Panda cories are pretty cute and they stay small so you could have like 14 of them in your 75g. Panda cories only get 4cm


----------



## Guest (Oct 8, 2007)

Panda cories aren't that hardy though. 

All cories are sensitive in some way to abnormal water conditions, so definitely make sure the tank is fully cycled when you add them.

C. aeneus (Bronze and Albinos) are both pretty hardy. Peppered cories are also pretty hardy.

Really, most cories will work...as long as the tank is fully cycled. I just wouldn't add too many at one time (4 is a good number).

If you wanted Pandas, I'd wait until the tanks have been fully cycled for a few weeks before adding them.


----------



## mesapod (Aug 18, 2007)

oh sorry i just thought pandas were cute and small.


----------



## Fishfirst (Jan 24, 2005)

I haven't found them to be that hard to take care off (panda cories)... no problems if the tank is stable.


----------



## Kurly (Jul 31, 2007)

All the cories are just so cute. I really like both the peppered cories and the panda cories. I can't wait until I get my larger tank so I can a variety of them.


----------



## Betta1 (Jan 5, 2007)

Just a word of advice, in my limited cory experience I've found that different species don't like to school with one another. I only have two kinds but they want nothing to do with one another and only hang out with their own type. This may vary from species to species but it's something to keep in mind. In my opinion one large school of cories in a 75g would be awsome, sometimes they'd be spread out and at times they could all school together. That would be something to see.


----------



## Angels777 (Oct 12, 2007)

I really like cories too and that would be nice to see so many all together.


----------



## coheedrules (Oct 29, 2007)

off topic but how are you "cycling" your tank? Just curious because you mentioned that cories will be your first fish... Just want to make sure you are doing at least a fishless cycle with biospira. A lot of pet stores tell you to let the tank run for a week with no fish but this does nothing to "cycle" it. Maybe this is something you already know but I wanted to be sure.


----------



## Kurly (Jul 31, 2007)

I am on day 29 of my fishless cycle and I am using ammonia. As a matter of fact, I finally got my first 0 ammonia and 0 nitrite reading today! Nitrates are at 20 right now. I am going to make sure that I keep getting those 0 readings over the next couple of days and do the big water change before I start adding my fish.
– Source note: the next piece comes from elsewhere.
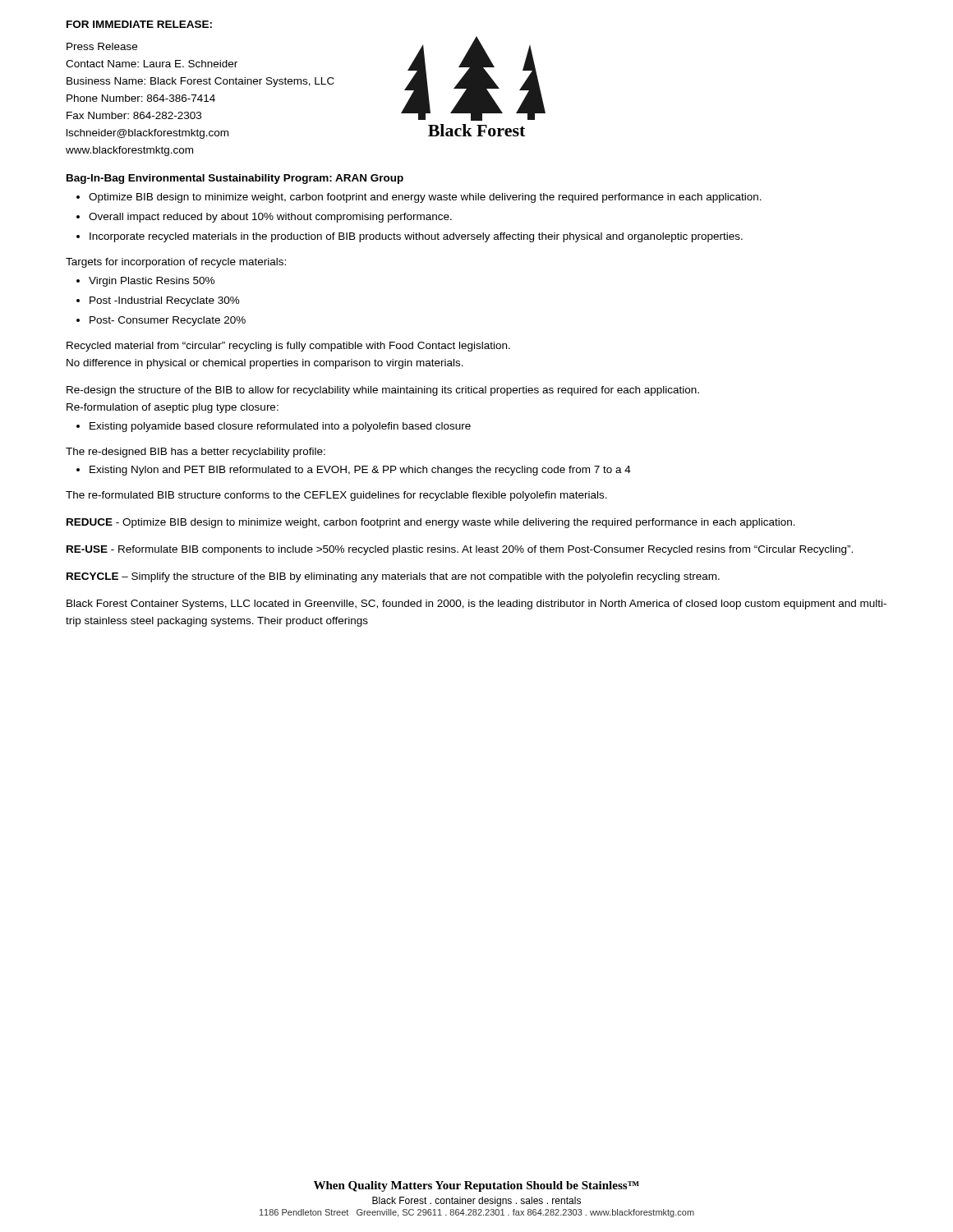Find the text starting "Post -Industrial Recyclate 30%"
The image size is (953, 1232).
click(164, 300)
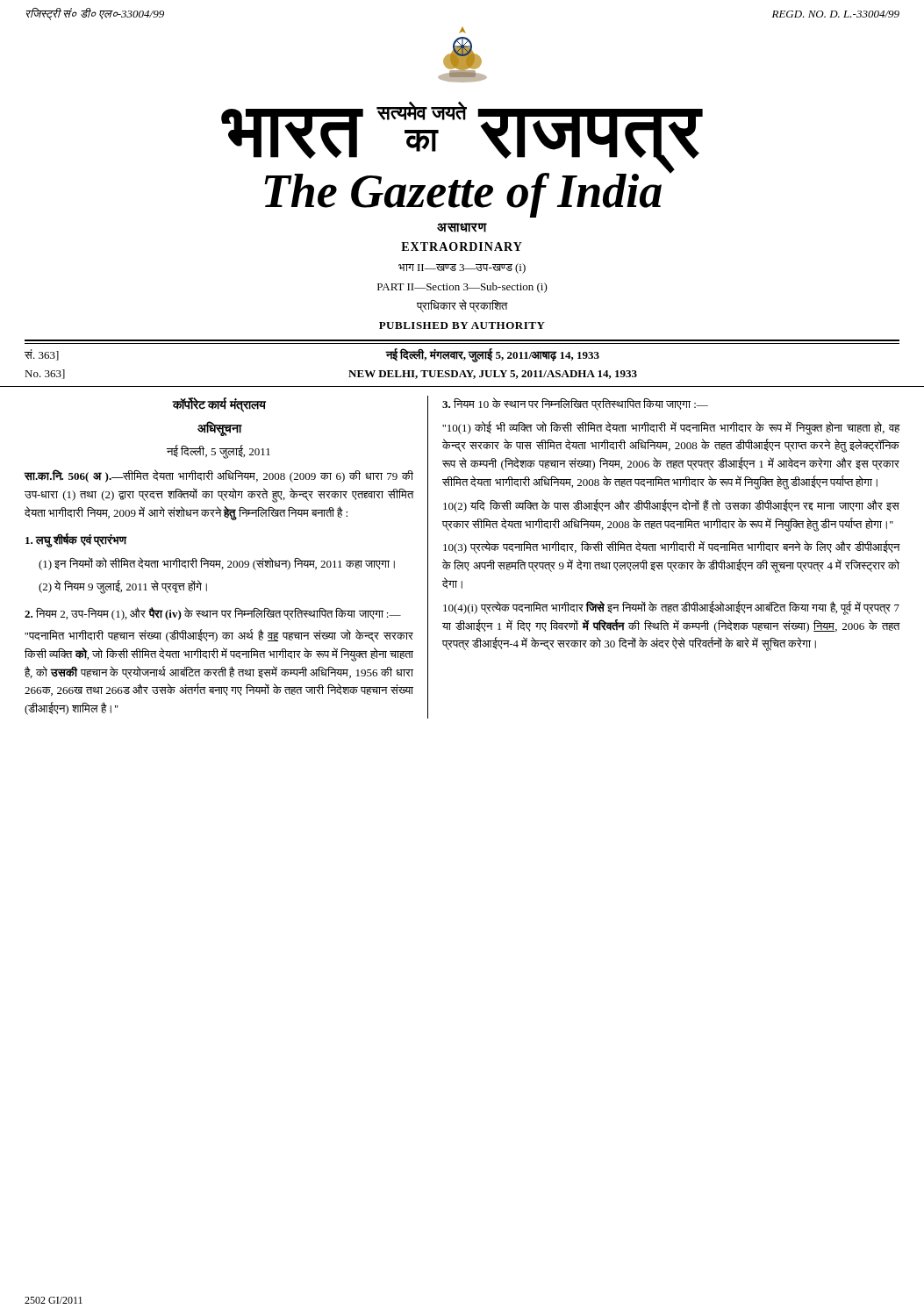Locate the text block containing "''पदनामित भागीदारी पहचान संख्या (डीपीआईएन) का अर्थ है"

coord(219,672)

Thanks for asking how I was cycling the tank. Fortunately I did a lot of research before I set up my tank and I am making sure that my tank is completely cycled before I add my fish. But I do know that a lot of people don't do that and just dump the fish in the tank shortly after they set it up


----------



## coheedrules (Oct 29, 2007)

Sorry... I had to ask because nobody else did. I am one of those who made a tank of death when I started because of my lack of knowledge. I'm still making mistakes but they are a little less deadly to my fish. I have a 30 gallon hex tank with a male dwarf gourami in it and I wanted to add one more dwarf to give the other some company. The only other fish I had in the tank was a pitbull pleco (the only two fish I had left after the destruction). I went to the lfs which is usually great for advice and all and asked for another and if that would be ok with my current dwarf. They said it would be fine and that lasted all of 2 hours. BIG territory issue. Just not enough space in the tank for two gouramis to have their room. Oh well. I brought him back and got 3 cories which will become 4 in a couple more weeks. 6 total when the wife permits a 55 gallon to replace this hex tank I bought before understanding the limitations of that type of tank. I gotta try the fishless cycle next time.


----------



## Fishfirst (Jan 24, 2005)

"I gotta try the fishless cycle next time."

You won't need to... considering your other tank is established your new tank can just use the media from the old tank.


----------